Hmm… I’m a bit torn. While part of me would rather the whole 12.5 mil just been split between Eggan and Griffith, and while I’m disappointed that yet again I did not get one after all the tireless work I’ve done for the advancement of Snarkiness, if you’re going to send money an artist’s way Zorn’s not such a bad choice. He’s the model for DIY success in the avant-garde. And for all the issues people have taken with his attitude over the years (apparantley rejection letters from Tzadik are none-to-tactful…) I really can’t think of another artist who’s used their own good fortune, clout, and name recognition to the benefit of other artists more than he has. While I doubt he needs the money – he seems to be doing just fine, financially – he’s probably the one who will use it to the benefit of the community the most.

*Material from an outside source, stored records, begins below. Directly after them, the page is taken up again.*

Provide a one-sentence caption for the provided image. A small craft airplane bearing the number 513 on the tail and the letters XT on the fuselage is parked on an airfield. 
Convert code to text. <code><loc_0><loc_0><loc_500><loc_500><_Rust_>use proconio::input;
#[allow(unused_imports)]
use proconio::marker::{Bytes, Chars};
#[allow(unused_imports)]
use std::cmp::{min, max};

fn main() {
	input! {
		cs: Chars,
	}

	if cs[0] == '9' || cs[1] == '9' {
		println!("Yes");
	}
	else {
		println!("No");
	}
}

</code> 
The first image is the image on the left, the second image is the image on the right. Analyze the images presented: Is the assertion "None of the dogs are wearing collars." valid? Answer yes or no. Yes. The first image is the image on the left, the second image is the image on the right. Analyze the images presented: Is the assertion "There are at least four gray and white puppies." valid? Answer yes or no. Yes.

But an aside, from me to JZ personally: buddy, I love ya. But take a little bit of that money – not much, a few hundred bucks – and work on that wardrobe. The last three times I’ve seen you – four, actually, if you count once when I passed you on the street – you were wearing the exact same outfit. You know the one – the oversized orange t-shirt (probably the same one you’re wearing in the photo above) with the camo pants. The outfit you’re wearing in practically every photograph taken of you in the last ten years. Not that you need to worry about impressin’ the ladies or anything – success trumps clothes, of course – but it’s looking less quirky and more “guy who works in a Thermos factory and drives an ’87 Chevy” by the day. Not that there’s anything wrong with that, of course – I have good friends who work in Thermos factories. But as the Grand Arbiter of All Things Downtown you can do better. Come on, you’re what – 53? – time for a mid-life crisis. I’m not saying run out and buy a Prada suit or anything – maybe switch to jeans for awhile.
And kudos to fellow fellow Regina Carter, too – who, go figure, worked with the other Seth Gordon back in the mid-nineties (okay, she was just ham n’ egging some string arrangements, but whatever…) Her winning triggered me to throw on Mark Helias’ Loopin’ The Cool, which I hadn’t listened to in years, and remember how awesome it is – with much credit going to her for it’s awesomeness.

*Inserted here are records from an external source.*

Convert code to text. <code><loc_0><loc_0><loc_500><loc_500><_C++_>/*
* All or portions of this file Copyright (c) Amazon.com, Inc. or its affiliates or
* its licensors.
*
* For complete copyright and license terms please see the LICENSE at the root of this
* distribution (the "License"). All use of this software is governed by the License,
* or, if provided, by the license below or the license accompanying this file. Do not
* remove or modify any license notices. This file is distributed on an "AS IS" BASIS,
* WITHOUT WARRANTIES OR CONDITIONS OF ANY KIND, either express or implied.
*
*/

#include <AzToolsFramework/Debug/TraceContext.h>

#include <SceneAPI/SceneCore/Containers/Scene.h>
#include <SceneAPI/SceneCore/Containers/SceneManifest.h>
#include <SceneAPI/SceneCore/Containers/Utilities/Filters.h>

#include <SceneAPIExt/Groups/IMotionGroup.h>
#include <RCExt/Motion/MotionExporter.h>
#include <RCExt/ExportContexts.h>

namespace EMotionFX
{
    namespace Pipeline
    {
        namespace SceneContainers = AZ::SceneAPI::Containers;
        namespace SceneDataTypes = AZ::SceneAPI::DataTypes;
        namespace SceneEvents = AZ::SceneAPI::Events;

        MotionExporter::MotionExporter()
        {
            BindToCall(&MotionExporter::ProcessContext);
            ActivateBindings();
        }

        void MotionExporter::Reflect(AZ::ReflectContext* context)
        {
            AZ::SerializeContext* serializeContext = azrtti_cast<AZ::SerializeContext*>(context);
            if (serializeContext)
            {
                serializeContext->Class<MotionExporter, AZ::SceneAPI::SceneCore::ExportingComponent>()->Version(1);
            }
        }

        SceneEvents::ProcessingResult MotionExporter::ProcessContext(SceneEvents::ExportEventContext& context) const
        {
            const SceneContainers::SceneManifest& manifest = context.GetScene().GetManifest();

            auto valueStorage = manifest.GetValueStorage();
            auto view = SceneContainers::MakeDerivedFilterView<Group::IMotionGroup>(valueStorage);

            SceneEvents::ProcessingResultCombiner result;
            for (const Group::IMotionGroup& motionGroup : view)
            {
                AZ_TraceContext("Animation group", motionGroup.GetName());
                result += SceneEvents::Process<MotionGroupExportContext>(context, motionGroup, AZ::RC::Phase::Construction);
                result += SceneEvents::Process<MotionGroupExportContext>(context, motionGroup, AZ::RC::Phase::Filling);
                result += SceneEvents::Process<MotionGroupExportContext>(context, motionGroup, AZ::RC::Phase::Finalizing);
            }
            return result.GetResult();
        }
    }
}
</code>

But, hey, I have always enjoyed his string quartets. His “Cat O’Nine Tails” is so wacky and a great soundtrack for the cartoon of the mind.
sorry, that was me above…
I am very happy for John Zorn. His work has been a continued source of inspiration for me – both his work as a composer and as a label head of Tzadik. Early on (before I ended up in the conservatory), his use of electric guitar made a huge impact on me (The Big Gundown iin particular) – in addition to his unique arranging skils in so many different musical contexts.
He has supported the work of women throughout his career (his Oracles series on Tzadik for instance) and in addition has brought much needed exposure to many so-called “marginal” or “outsider” artists. He also deals with darkness, violence and sexuality in a manner I find refreshing.
If not part of the musical world which has evolved to be what we are identified with due to our recoridng work, I’ve always enjoyed and respected Zorn’s work. Hey John … are you interested in using some of that money to write an extended multi-track work for Christina Fong? Let us know … we’ll record and release the project on our label … you would be satisfied with the result, I am 100% certain about this!
(I should point out in the interests of balance that, potentially sexist cartoon decorations aside, I harbor no disrespect whatever towards Zorn’s work in media and contexts for which he is better known… including those to which the Macarthur citation devotes most of its space.)
Yes, well, just don’t listen to the BBC 3’s “Hear and Now” broadcast from last Saturday night, which includes a new Zorn piece (for regular buttoned-down instruments and voices) called “Evocation of the Neophyte” that was really, truly horrible.